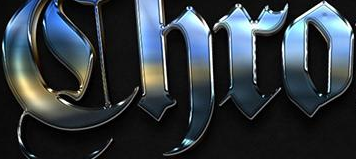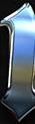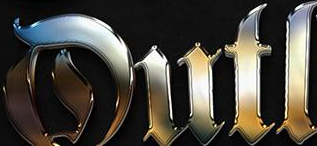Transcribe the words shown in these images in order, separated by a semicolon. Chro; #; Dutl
--
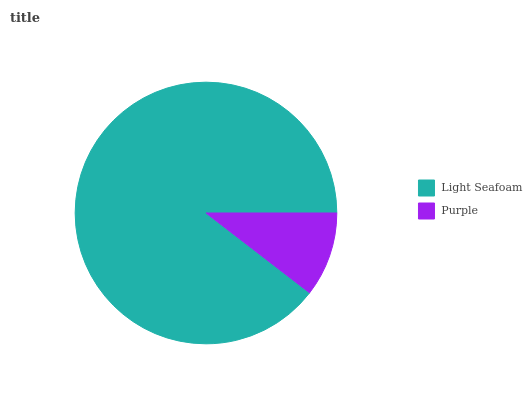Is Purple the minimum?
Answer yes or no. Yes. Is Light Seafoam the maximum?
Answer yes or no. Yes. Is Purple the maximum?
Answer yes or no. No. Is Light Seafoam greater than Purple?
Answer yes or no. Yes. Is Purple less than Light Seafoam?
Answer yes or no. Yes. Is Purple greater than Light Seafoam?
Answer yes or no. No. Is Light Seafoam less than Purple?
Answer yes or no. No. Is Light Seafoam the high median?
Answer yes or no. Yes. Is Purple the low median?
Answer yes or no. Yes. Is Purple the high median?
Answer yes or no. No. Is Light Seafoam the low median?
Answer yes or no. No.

Directions for this task
Select every line in the material above where the string "greater" occurs, and copy it.

Result
Answer yes or no. No. Is Light Seafoam greater than Purple?
Answer yes or no. Yes. Is Purple greater than Light Seafoam?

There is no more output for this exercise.